◆ **PROBLEM**
The number of lines containing the word "whole" is all you should give; count them in the records below.

Source data

────────────────────

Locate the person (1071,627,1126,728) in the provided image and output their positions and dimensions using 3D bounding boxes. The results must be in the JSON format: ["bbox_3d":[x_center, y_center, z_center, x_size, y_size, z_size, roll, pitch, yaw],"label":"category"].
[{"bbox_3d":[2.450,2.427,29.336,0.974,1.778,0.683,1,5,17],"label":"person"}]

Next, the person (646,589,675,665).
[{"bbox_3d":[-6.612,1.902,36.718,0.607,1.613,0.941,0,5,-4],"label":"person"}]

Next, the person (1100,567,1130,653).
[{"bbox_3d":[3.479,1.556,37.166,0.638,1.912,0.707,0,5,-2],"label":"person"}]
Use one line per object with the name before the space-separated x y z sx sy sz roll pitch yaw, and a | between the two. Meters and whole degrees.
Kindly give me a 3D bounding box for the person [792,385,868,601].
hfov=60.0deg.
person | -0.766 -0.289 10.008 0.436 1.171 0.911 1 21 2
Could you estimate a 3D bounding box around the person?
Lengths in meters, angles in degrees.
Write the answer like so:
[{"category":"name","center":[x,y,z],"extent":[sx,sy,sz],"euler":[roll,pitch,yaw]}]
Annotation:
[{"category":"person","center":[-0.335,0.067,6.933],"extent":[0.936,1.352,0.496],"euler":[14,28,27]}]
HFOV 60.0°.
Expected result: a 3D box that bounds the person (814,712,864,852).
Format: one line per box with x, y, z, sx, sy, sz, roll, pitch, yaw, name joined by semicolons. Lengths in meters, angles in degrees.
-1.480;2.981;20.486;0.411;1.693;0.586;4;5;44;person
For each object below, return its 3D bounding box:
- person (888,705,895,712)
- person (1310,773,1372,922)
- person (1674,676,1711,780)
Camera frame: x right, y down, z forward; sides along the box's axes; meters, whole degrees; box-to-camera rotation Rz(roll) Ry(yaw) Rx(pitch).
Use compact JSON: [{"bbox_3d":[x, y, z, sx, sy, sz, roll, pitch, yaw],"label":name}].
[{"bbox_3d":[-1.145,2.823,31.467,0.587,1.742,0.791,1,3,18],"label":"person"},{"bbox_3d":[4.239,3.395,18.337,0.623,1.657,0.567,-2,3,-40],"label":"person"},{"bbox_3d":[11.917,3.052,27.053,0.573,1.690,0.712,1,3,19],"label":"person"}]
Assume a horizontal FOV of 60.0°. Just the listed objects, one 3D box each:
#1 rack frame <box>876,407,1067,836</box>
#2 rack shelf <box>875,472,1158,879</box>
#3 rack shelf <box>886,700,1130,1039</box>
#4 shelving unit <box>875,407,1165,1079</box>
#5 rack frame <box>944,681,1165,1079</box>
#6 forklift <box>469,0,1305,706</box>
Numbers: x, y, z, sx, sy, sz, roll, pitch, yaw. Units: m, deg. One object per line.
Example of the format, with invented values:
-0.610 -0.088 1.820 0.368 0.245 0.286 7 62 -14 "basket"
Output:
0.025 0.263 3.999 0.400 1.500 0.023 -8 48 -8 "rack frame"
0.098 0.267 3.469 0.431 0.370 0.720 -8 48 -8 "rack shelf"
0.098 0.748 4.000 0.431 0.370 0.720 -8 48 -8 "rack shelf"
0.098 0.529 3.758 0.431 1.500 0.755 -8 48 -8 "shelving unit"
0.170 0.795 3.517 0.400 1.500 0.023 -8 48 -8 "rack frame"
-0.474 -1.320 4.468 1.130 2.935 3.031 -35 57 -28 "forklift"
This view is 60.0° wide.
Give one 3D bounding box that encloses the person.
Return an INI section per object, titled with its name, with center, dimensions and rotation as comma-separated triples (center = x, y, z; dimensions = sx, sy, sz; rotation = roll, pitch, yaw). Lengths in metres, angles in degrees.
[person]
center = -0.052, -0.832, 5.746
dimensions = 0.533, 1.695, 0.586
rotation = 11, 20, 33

────────────────────

◆ **PROBLEM SOLUTION**
2